Data input from sensors on the tree

Voice of Nature shows in a poetic way the large influence humanity has on the changing climate. If someone touches the tree, it affects the tree's response, either calming the image on the screen or increasing the energy levels, thereby communicating the message to spectators (and participants) that they have power to enact change.

Visitor watching the calming effect of their touch on the tree's electronic tree ring

Biersteker tells a story that demonstrates the ability of the art installation to initiate action.

“During the build-up of the installation it had not been raining for a while so we asked if someone could water the tree, but everyone was busy. Once we connected our moist level sensor to the tree and showed the data indicating the tree was thirsty, there was someone with a water hose within 15 minutes."

Symbiosia

In 2019, again in collaboration with Stefano Mancuso, Biersteker created another installation, Symbiosia, originally part of a larger exhibit located in Paris called, Trees.
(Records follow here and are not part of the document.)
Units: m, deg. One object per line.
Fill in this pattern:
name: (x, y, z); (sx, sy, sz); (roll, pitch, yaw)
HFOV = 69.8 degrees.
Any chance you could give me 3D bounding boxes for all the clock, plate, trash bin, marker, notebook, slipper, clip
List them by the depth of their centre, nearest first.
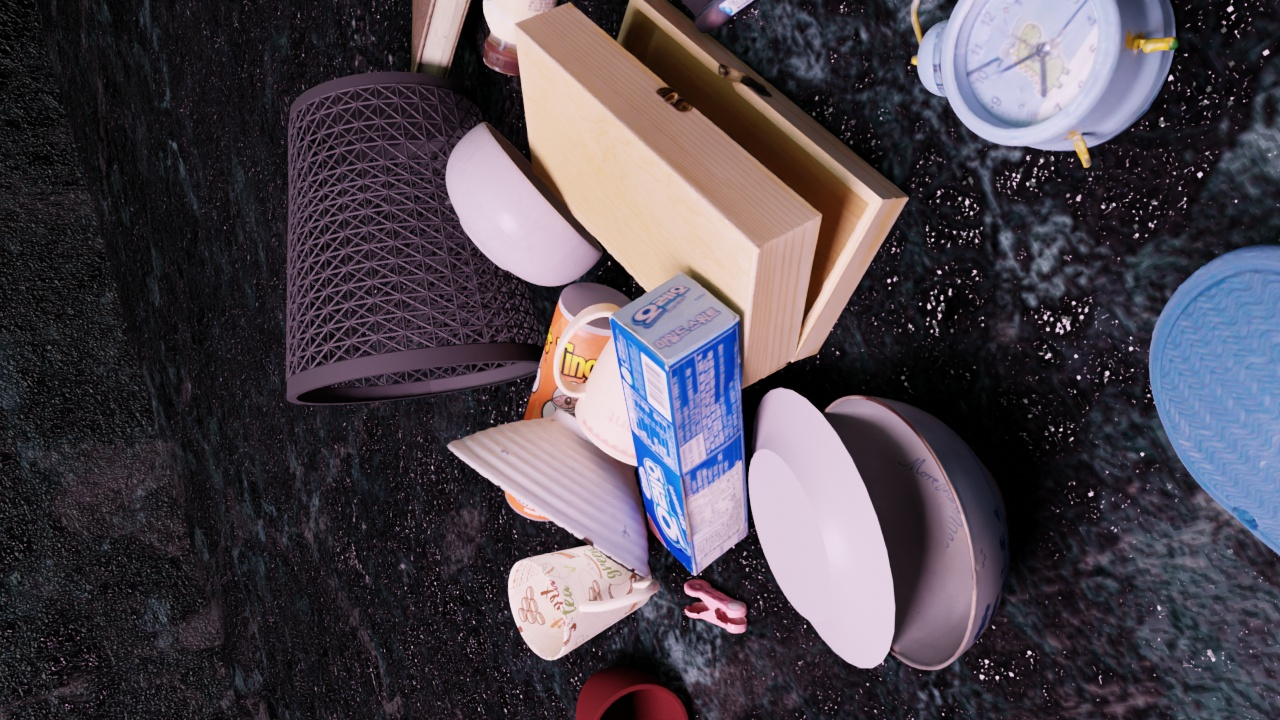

Drawing on Mancuso's work in communication between trees, including root communication and the idea of plant memory, this work addressed the relationship of trees with people, the environment and each other.
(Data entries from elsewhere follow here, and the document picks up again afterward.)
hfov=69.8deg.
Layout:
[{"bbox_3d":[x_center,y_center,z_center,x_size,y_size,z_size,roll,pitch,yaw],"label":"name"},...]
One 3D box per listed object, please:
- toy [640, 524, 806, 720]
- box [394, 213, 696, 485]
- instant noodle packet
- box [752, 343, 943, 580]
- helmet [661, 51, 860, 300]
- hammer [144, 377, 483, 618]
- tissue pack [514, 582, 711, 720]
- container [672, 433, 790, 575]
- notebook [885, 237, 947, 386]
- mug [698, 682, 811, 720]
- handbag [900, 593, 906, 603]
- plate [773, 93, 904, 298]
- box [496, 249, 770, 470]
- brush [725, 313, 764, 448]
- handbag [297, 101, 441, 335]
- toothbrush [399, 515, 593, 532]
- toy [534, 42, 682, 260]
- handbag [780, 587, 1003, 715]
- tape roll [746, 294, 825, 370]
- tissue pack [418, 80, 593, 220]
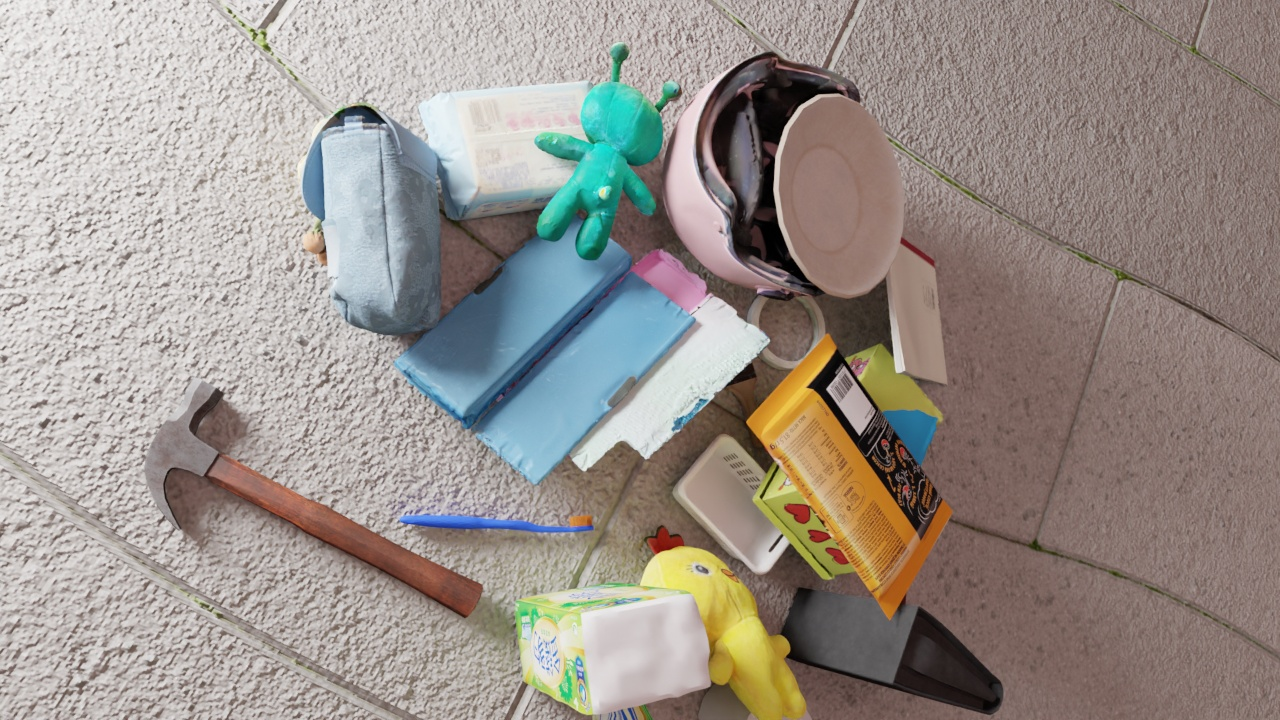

A data-driven system estimates the real-time impact of climate change on the local environment. Traffic jams that raise the CO2 levels and droughts caused by higher summer temperatures all have an instantaneous effect on the "tree circles" produced by the installation.

For the installation (which has become a traveling exhibit after Paris), digital roots are created between two living trees, (in Paris, a horse chestnut and a Turkey oak) and 12 sensors are placed on the two trees and their branches, through which changes in the trees' photosynthesis, the air quality and chemical air compounds are measured. The sensors collect the data, which are used to produce data visualization in the form of electronic tree rings. This mixture of art and science translates hard data into an accessible form that people can often better understand and relate to.
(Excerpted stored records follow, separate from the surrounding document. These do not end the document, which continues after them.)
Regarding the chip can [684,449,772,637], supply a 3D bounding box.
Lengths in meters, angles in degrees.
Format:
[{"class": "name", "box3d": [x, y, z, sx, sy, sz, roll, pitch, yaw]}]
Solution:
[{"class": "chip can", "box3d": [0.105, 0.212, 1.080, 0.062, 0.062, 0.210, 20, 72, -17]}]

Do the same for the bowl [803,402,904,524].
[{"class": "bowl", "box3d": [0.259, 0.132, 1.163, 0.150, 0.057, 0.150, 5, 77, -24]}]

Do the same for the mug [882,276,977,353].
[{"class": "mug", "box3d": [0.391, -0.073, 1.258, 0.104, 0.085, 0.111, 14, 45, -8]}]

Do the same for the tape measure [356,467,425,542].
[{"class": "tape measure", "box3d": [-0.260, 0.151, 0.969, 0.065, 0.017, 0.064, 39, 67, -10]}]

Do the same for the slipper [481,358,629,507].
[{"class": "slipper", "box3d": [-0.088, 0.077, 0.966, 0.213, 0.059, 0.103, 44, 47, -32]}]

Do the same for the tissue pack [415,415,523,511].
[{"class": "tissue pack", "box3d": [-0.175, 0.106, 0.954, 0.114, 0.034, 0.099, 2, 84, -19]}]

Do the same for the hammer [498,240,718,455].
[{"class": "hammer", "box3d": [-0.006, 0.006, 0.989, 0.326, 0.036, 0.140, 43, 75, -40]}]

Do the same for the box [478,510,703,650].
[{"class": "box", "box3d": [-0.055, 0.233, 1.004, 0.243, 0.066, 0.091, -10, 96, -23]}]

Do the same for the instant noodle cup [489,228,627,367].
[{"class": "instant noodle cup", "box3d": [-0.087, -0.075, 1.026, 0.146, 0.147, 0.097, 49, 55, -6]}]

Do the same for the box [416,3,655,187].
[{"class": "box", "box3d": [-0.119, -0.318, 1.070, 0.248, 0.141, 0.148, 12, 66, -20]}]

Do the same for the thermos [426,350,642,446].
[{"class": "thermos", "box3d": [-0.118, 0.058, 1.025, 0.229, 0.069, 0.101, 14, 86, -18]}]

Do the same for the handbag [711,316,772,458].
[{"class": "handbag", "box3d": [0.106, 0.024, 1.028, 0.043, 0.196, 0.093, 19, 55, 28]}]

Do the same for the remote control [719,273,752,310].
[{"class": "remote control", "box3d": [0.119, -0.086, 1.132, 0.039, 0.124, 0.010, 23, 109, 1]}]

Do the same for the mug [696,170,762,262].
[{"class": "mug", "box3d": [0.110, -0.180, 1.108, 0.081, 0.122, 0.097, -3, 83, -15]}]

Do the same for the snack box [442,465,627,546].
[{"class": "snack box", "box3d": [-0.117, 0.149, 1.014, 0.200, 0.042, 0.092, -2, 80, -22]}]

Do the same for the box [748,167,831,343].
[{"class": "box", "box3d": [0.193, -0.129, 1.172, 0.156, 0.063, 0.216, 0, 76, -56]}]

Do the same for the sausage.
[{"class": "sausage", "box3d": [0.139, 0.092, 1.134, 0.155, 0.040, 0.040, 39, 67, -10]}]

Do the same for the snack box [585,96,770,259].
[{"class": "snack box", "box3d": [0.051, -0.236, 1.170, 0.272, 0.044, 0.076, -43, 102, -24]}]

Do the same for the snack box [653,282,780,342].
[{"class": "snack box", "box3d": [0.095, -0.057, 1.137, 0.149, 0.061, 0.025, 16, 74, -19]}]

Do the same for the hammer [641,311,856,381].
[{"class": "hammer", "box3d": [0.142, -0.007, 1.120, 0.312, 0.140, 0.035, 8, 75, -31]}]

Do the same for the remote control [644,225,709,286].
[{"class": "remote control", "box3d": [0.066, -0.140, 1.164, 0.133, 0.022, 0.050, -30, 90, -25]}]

By showing the sensitivity and activity of the trees and the environmental impacts affecting them, Biersteker aims to nurture a stronger symbiotic relationship between humanity and nature (thus the title of the piece). In this mind, this is the only way forward to co-exist on this planet.

Both of these installations work to both bring climate change more into our awareness. It may be possible to think that melting ice and rising sea levels are happening "somewhere else," but trees and other plants are ubiquitous and thus, harder to discount. As Biersteker says, "Many of the ecological disasters happening right now are hard to imagine; they feel big and distant, or they happen somewhere not visible for our eyes, in the midst of the ocean or rainforest. I want to turn these complex problems into relatable experiences. If I can give people a personal experience with one of these issues, it might create empathy, that can turn into activism, that possibly in the end contribute to change."2

It can also help people see that their actions matter. “Phrases like climate change or "anthropocene" feel so out of reach. What I try to do is make it tangible at that moment. In the longer spectrum, a lot of people don’t connect to the issues because they become too big. I want to make them small again, so you have the idea that you can act. It’s happening at your time, not the next generation.” 3

When we shift and see climate change as something happening to the tree in our backyard as well as the polar bear in the arctic, that can affect the urgency we feel around the issue. And when we have a picture in our minds of the way our small actions can have large ripple effects, not just negative, but positive as well, that can give us the energy to choose specific actions—such as choosing to walk somewhere rather than drive.

Reflection Questions: Do you see climate change as something nearby or something distant from you? What enables you to take small (or big) actions in the face of a very large problem? Have you ever brainstormed a list of actions you might take to create a positive ripple effect on climate change?